ConversationThreadMetric¶
- class opik.evaluation.metrics.conversation.conversation_thread_metric.ConversationThreadMetric(name: str | None = None, track: bool = True, project_name: str | None = None)¶
Bases:
BaseMetric
Abstract base class for all conversation thread metrics. When creating a custom conversation metric, you should inherit from this class and implement the abstract methods.
Conversation metrics are designed to evaluate multi-turn conversations rather than single input-output pairs. They accept a conversation as a list of message dictionaries, where each message has a ‘role’ (either ‘user’ or ‘assistant’) and ‘content’.
- Parameters:
name – The name of the metric. If not provided, uses the class name as default.
track – Whether to track the metric. Defaults to True.
project_name – Optional project name to track the metric in for the cases when there is no parent span/trace to inherit project name from.
Example
>>> from opik.evaluation.metrics.conversation import conversation_thread_metric, types >>> from opik.evaluation.metrics import score_result >>> from typing import Any >>> >>> class ConversationLengthMetric(conversation_thread_metric.ConversationThreadMetric): >>> def __init__(self, name: str = "conversation_length_score"): >>> super().__init__(name) >>> >>> def score(self, conversation: types.Conversation, **kwargs: Any): >>> num_turns = sum(1 for msg in conversation if msg["role"] == "assistant") >>> return score_result.ScoreResult( >>> name=self.name, >>> value=num_turns, >>> reason=f"Conversation has {num_turns} turns" >>> )

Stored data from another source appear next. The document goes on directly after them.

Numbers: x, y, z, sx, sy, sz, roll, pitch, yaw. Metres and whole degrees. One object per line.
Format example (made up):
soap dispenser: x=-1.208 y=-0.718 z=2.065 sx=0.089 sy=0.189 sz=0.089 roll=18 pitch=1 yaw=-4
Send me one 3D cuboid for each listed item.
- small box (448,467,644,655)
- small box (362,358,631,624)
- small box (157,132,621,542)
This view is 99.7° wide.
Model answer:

- score(conversation: List[Dict[Literal['role', 'content'], str]], **kwargs: Any) ScoreResult | List[ScoreResult] ¶
Evaluate a conversation and return a score.
- Parameters:
conversation – A list of conversation messages. Each message is a dictionary with ‘role’ (either ‘user’ or ‘assistant’) and ‘content’ (the message text).

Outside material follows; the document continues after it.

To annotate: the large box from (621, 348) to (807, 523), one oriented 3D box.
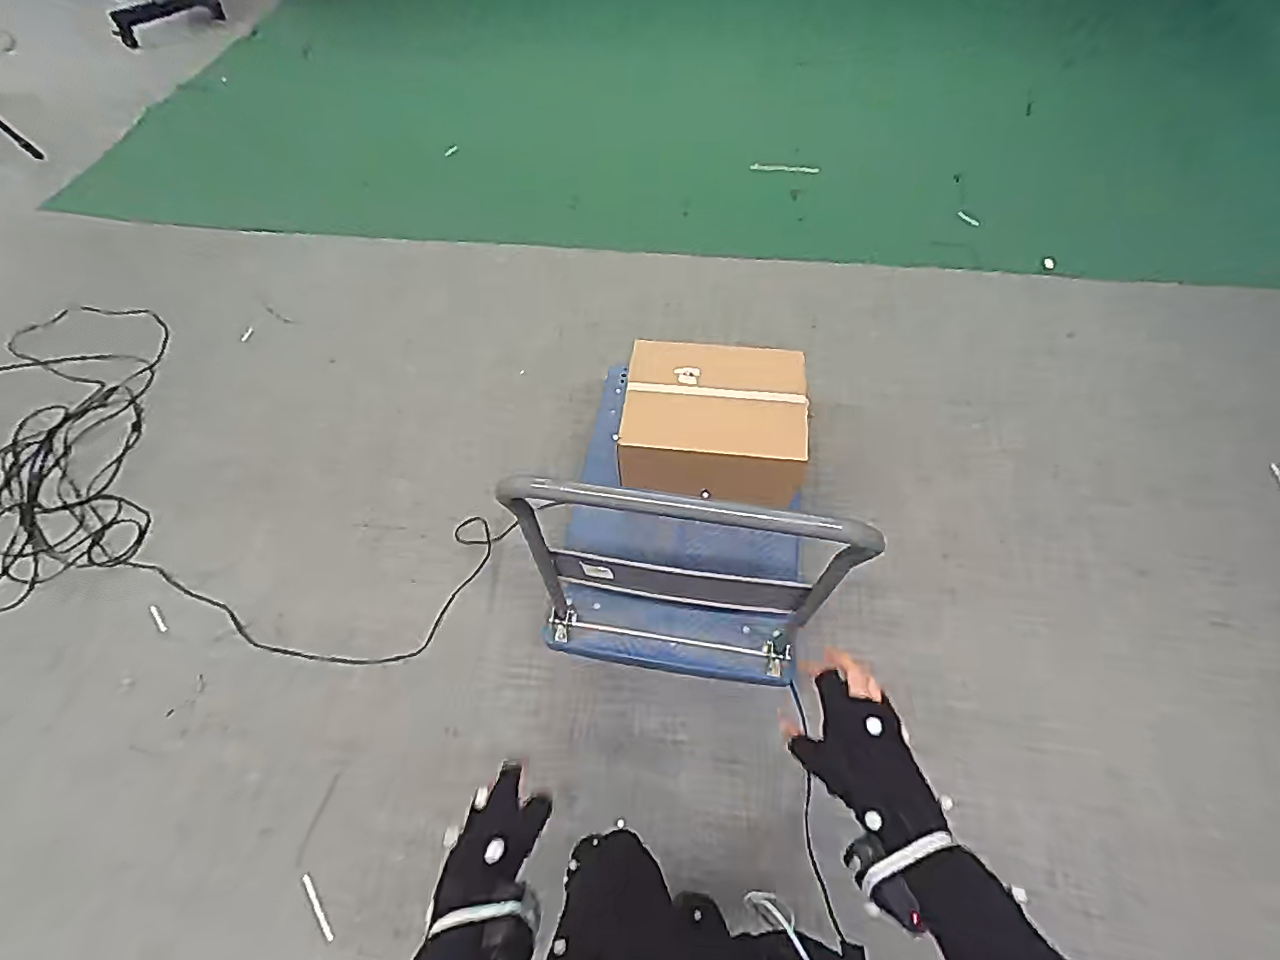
[{"bbox_3d":[0.177,-0.104,1.358,0.408,0.320,0.320,5,58,5],"label":"large box"}]

**kwargs – Additional keyword arguments that may be used by specific metric implementations.
- Returns:
A ScoreResult object or list of ScoreResult objects containing the evaluation score, metric name, and optional reasoning.
- async ascore(conversation: List[Dict[Literal['role', 'content'], str]], **kwargs: Any) ScoreResult | List[ScoreResult] ¶
Asynchronously evaluate a conversation and return a score.
This is the async version of the score method. By default, it calls the synchronous score method, but can be overridden for true async implementations.
- Parameters:
conversation – A list of conversation messages. Each message is a dictionary with ‘role’ (either ‘user’ or ‘assistant’) and ‘content’ (the message text).
**kwargs – Additional keyword arguments that may be used by specific metric implementations.
- Returns:
A ScoreResult object or list of ScoreResult objects containing the evaluation score, metric name, and optional reasoning.